If you have never experienced the simple pleasure of playing Super Mario 64, you owe it to yourself to give it a try. The game is prevalent enough that copies can still be found, and playing the original is likely the best bet. The Nintendo 64 is notoriously difficult to emulate well.
Mario Kart 64
Super Mario Kart was the first entry in the popular kart-racing lineup, but while popular, it didn’t reach the levels of renown that Mario Kart 64 did. Mario Kart 64 had better graphics and allowed for four-player split screen play.
While it had four less maps than its predecessor, the maps were larger, three-dimensional, and featured numerous Easter eggs and shortcuts. There was also a mirror mode that allowed players to run the courses backwards and added even more replayability.
Mario Kart 64 made a name for itself as the go-to multiplayer title for the N64. It was the perfect balance of casual and competitive and still holds up today as a fun way to spend an afternoon.
The idea of a 3D first-person shooter was relatively unknown. Some ship-based games existed, and players were familiar with FPS titles on PC, but they had little console presence before the release of GoldenEye. The game came out roughly two years after the Pierce Brosnan film hit theaters, but held a huge appeal due to the large single player levels and expansive campaign.
But the true heart of GoldenEye lay not in its single player, but its multiplayer. Four-player split screen matches kept players for hours upon hours as they fought for control of the Golden Gun or simply for the highest score. With 20 multiplayer maps and a huge variety of game modes, GoldenEye was one of the best ways to spend a lazy summer weekend with friends.
Super Smash Bros
The worldwide phenomenon had its start on the Nintendo 64. Super Smash Bros brought everyone’s favorite Nintendo characters together in one place and pitted them against each other to answer, once and for all, the question that gamers had debated for ages: who would win?
The sheer exhilaration of watching Link face off against Donkey Kong brought no end to the excitement for gamers.

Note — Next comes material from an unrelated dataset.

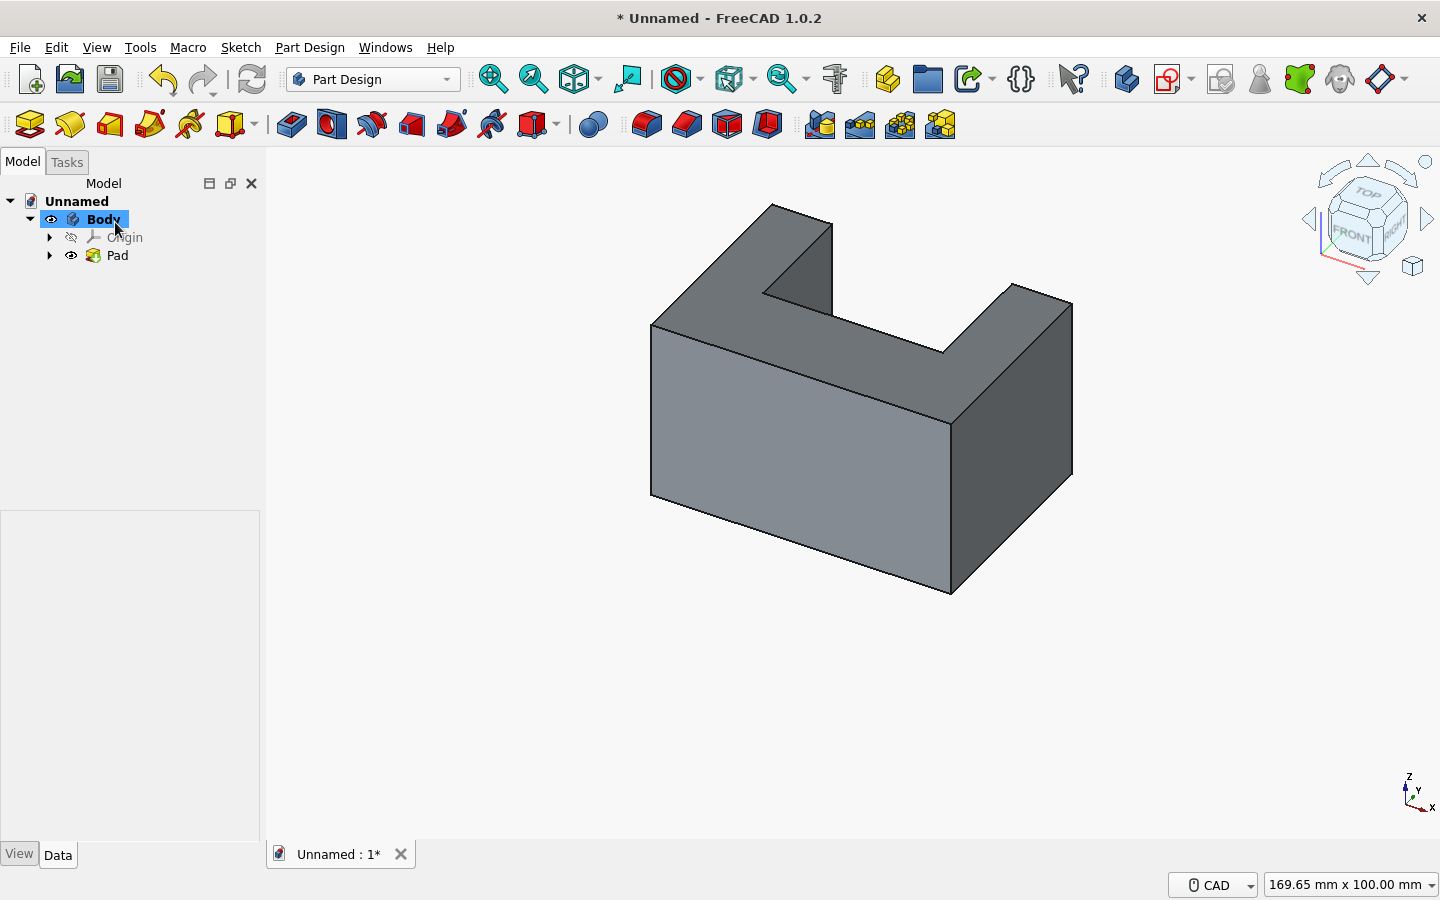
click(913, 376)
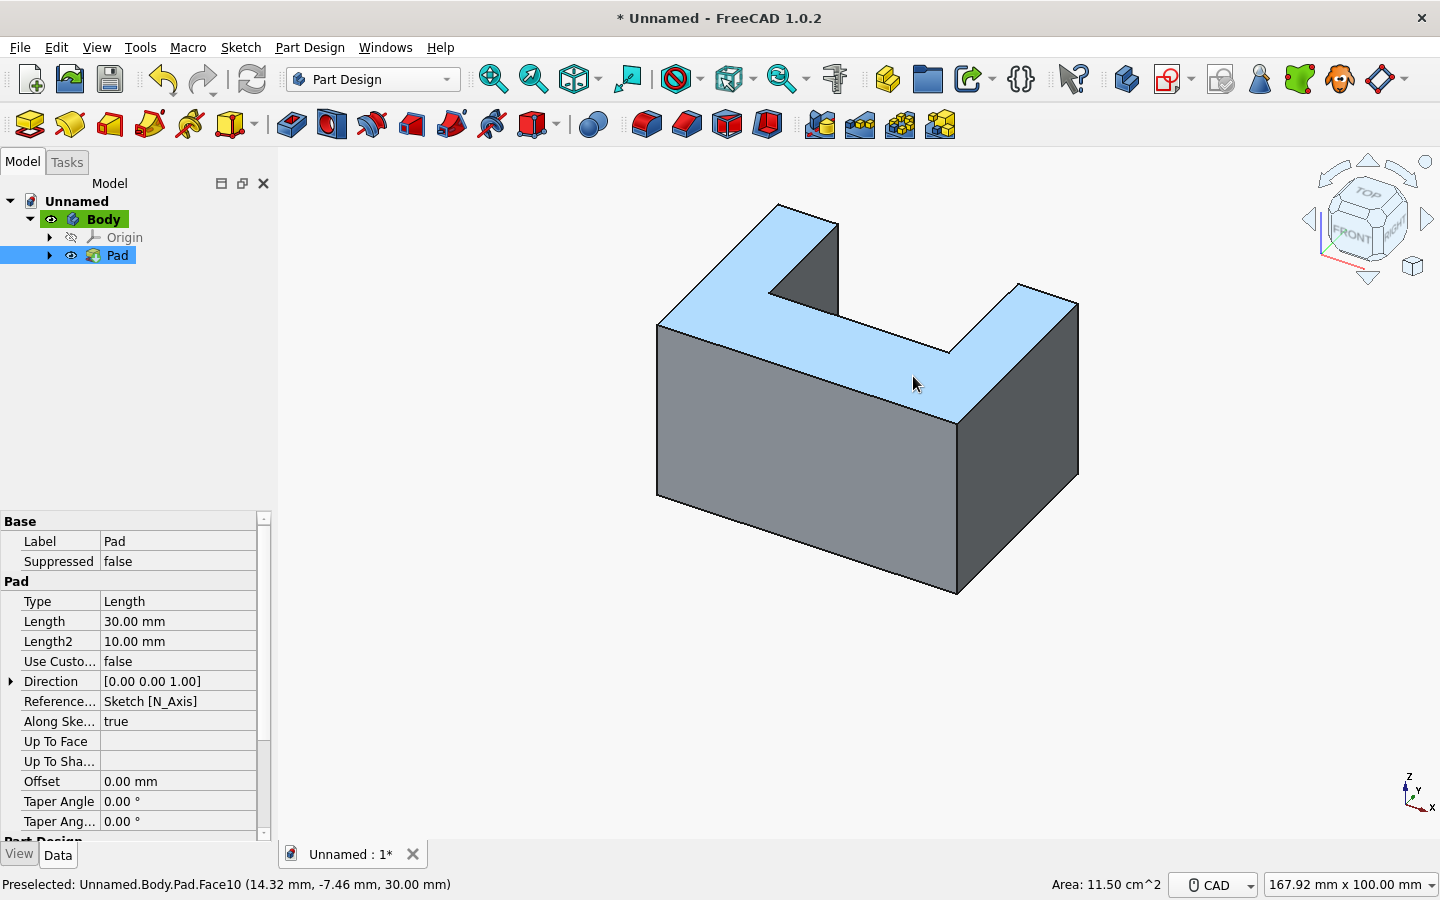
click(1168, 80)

While Super Smash Bros has gone on to have entries on every Nintendo console since the N64, this first title set the stage for what was to come.
The original Super Smash Bros did not have the insane number of levels or characters as the sequels, featuring eight base characters, four unlockable characters, and nine stages, but the heart of the series beats strong in the game. It also introduced all of the beloved minigames like “Break the Targets.”
How To Play N64 Today
The easiest way to experience any of these games is to play them on the original hardware. There’s just something about using the goofy design of the N64 controller that an emulator can’t match—and as stated before, Nintendo 64 emulators are finicky.
If you can’t get your hands on an actual console, there are two emulators worth trying. The first is Project64 for Windows. It’s perhaps the easiest to use emulator on the market.
The other option is Mupen64Plus, an emulator that works for Windows, Mac, and Linux. It isn’t quite as easy to use a Project64, but it delivers better audio quality. When (hopefully not if) the Nintendo 64 Mini is released, it will become the easiest modern way to experience these classics once again.
These five Nintendo 64 games are the cream of the crop, but that’s not to say they’re the only good ones. This article could go on and on, but it would be a disservice not to mention a few honorable mentions like Jet Force Gemini, Star Fox 64, and Harvest Moon 64. The N64 was a powerhouse of a console that is well worth checking out.